I worked closely with the award winning artist Ana Rajcevic whose practice explores radical new possibilities for human augmentation, creating hybrid prosthetics and body-extensions that merge human and non-human forms. We’ve worked together for 10 years so we have a deep understanding of each other’s practice. The fact that Ana is already working with this idea of a future body really helped build a specific physicality. The body-extensions she created came to life when worn by the performers, shaping and affecting each dancers’ movement while also expanding their physical expression. The dancers and I also worked closely with the beautiful descriptions of the ‘last men’ in Olaf Stapledon’s novel to inspire Last and First Men’s movement language. 


In weaving together Jóhann Jóhannsson’s film, Yair Elazar Glotman’s live score, and your choreography, how did you ensure each element retained its own voice while forming a coherent whole?

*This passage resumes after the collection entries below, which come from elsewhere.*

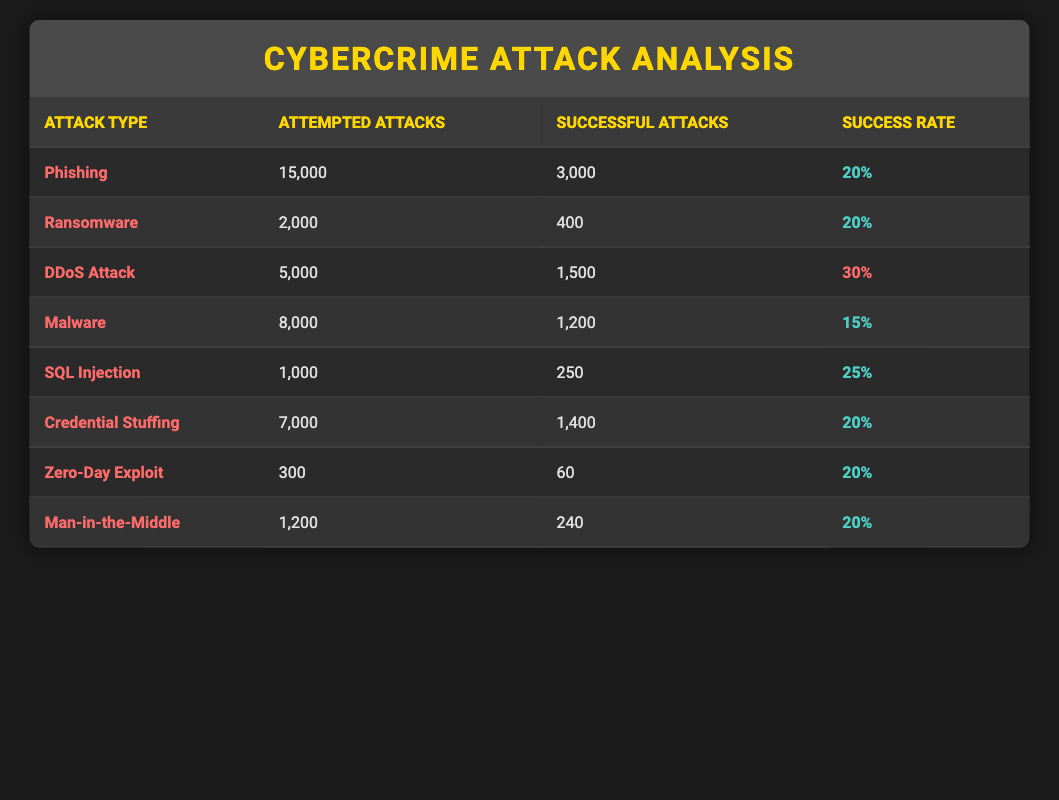What is the total number of attempted attacks across all types? To find the total number of attempted attacks, sum the values in the "Attempted Attacks" column: 15000 (Phishing) + 2000 (Ransomware) + 5000 (DDoS Attack) + 8000 (Malware) + 1000 (SQL Injection) + 7000 (Credential Stuffing) + 300 (Zero-Day Exploit) + 1200 (Man-in-the-Middle) = 36,500
Answer: 36500 Which attack type has the highest success rate among the entries? The highest success rate can be found in the "Success Rate" column. The DDoS Attack has a success rate of 30%, which is higher than any other type listed.
Answer: DDoS Attack How many successful attacks were recorded for SQL Injection? From the "Successful Attacks" column under SQL Injection, the value is 250 successful attacks recorded.
Answer: 250 Did any attack type have a success rate above 20%? Yes, the DDoS Attack has a success rate of 30%, which is above 20%.
Answer: Yes What is the difference in successful attacks between Phishing and Malware? To find the difference, subtract the successful attacks for Malware (1200) from Phishing (3000): 3000 - 1200 = 1800.
Answer: 1800 Which attack type had the least number of attempted attacks? The attack type with the least number of attempted attacks is Zero-Day Exploit, with only 300 attempted attacks.
Answer: Zero-Day Exploit What percentage of successful attacks came from Credential Stuffing compared to the overall successful attacks? First, calculate the total successful attacks: 3000 (Phishing) + 400 (Ransomware) + 1500 (DDoS Attack) + 1200 (Malware) + 250 (SQL Injection) + 1400 (Credential Stuffing) + 60 (Zero-Day Exploit) + 240 (Man-in-the-Middle) = 8300. Then determine Credential Stuffing's percentage: (1400 / 8300) * 100 = 16.87%.
Answer: 16.87% Is it true that there were more than 700 successful attacks for the DDoS Attack type? Yes, the DDoS Attack type recorded 1500 successful attacks, which is more than 700.
Answer: Yes What is the average success rate of the attempted cyber attacks? To find the average success rate, sum the percentages: 20 + 20 + 30 + 15 + 25 + 20 + 20 + 20 = 200. Divide by the number of attack types (8): 200 / 8 = 25%.
Answer: 25%

This was the first project that I’ve worked on where I’ve started with a ready made film and score, but I felt there was space in both for the choreography to emerge. There are no people present in Johannsson’s film so this gave me the opportunity to work with my team to imagine what those future bodies might be like, how they might move and communicate. I enjoyed finding ways for the film to extend beyond the screen, through lighting and movement referencing what is present in the images. We also have moments in the work where the dancers frame the space and hand over to the music, light, image. It’s a dialogue and in a way a dance.  


What role does discomfort — as well as solace — play in shaping the audience’s experience of Last and First Men?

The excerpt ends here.